A really neat consequence is that for a dynamic language (such as
Lua) a trace also captures a particular runtime specialization of
operations and types. A trace is like a statically typed variant
of the code and is well suited to optimization (see below).
Recording is stopped under certain conditions. Some conditions
cause an abort, e.g. if an error is raised or some particular
(hopefully uncommon) combination of events cannot be handled. In
this case the collected trace is thrown away and the VM proceeds
again to phase 1 and continues interpreting the code.
Recording is also stopped whenever the trace reaches certain
points in the control flow. E.g. when the trace start point is
hit again (next loop iteration). In this case the trace is
considered complete and the VM proceeds to phase 3 to compile it.
3. A completed trace is optimized and compiled to machine code.
Since the trace is just a linear stream of statically typed
SSA-based ucode, all the traditional compiler optimizations
apply. I'm only listing the most useful ones here:
— Constant propagation and constant folding replace runtime
operations with their constant results. Guards depending on
constants can be completely eliminated. Runtime specialization
and inlining create many opportunities for this optimization.
E.g. the return address from an inlined function is a constant
(the call is in the same trace) so the guard can be eliminated.
— CSE (common subexpression elimination) eliminates redundancy in
the form of repeated expressions which calculate the same
result. Most of these are not caused by the programmer (e.g.

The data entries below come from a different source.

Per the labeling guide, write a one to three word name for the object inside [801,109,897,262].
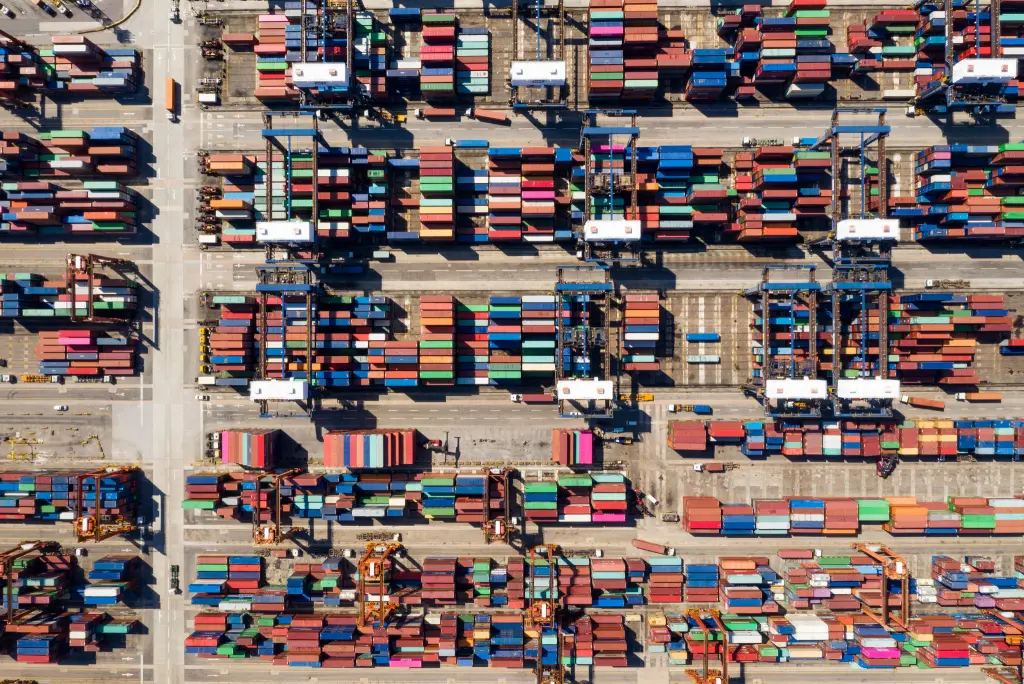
container crane
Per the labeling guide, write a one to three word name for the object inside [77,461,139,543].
crane
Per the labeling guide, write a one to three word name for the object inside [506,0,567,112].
container crane
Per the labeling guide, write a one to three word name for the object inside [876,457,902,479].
work vehicle
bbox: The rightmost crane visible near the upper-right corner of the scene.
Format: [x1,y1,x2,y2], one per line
[906,0,1014,109]
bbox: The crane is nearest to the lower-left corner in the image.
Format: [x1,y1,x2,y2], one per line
[0,534,58,624]
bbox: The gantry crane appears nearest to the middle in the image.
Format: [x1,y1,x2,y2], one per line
[548,266,614,418]

the classic (a+b)*(a+b) example) but by the translation to
ucode. The most common targets for CSE are repeated guards
(e.g. type checks) and address translations for table lookups.
— Loop-invariant code hosting moves operations out of a loop
which only depend on inputs outside of the loop. This is most
useful to move guards resulting from method resolving and
function dispatch out of a loop. E.g. calling math.abs() can be
reduced to a single machine code instruction inside the loop
plus a check before the start of the loop that math.abs still
resolves to the internal function originally handling it.
Optimization often substantially reduces the number of ucodes in
a trace. Converting the remaining ucode to machine code is pretty
straightforward because it's just a linear stream of instructions.
[This is a bit over-simplified: traces can extend existing traces
to form a trace tree and guards are converted to branches to
compensation code for returning to the interpreter. There are
more complications under the hood.]
Once a trace has been compiled, it's registered with its start
point. Whenever the interpreter hits this part of the code again,
it proceeds with phase 4 and directly runs the machine code. In
the case of a loop this is done right after compilation.
4. The compiled machine code resulting from a trace is run. If
it's truly a "hot" trace, the compiled code will run often enough
to outweigh the effort of optimizing and compiling it.
A guard may occasionally cause a trace to exit. This can happen
when a different control-flow path is taken or a type check or
bounds check fails and so on. In this case compensation code is
called to prepare the state for returning to the interpreter.
Depending on the kind of guard, the VM either switches to phase 1
or phase 2. Errors force a return to the interpreter. Most other
guards start another trace which in turn extends the existing
Descriptions of trace compilation employed on bytecodes are here:
— Incremental Dynamic Code Generation with Trace Trees
A. Gal and M. Franz, 2006
— HotpathVM: An Effective JIT for Resource-constrained Devices
A. Gal, M. Franz, C. W. Probst, 2006
The technique originated in system emulators doing on-the-fly
binary-to-binary translation. A good reference is here:
— Dynamo: A Transparent Dynamic Optimization System
V. Bala, E. Duesterwald, S. Banerjia, 2000
Popular software using this technique are QEMU and Valgrind.
Intel's Netburst architecture (Pentium 4) employs a trace cache
to store a copy of the x86 instruction stream translated by the
instruction decoder to RISC-like micro-ops.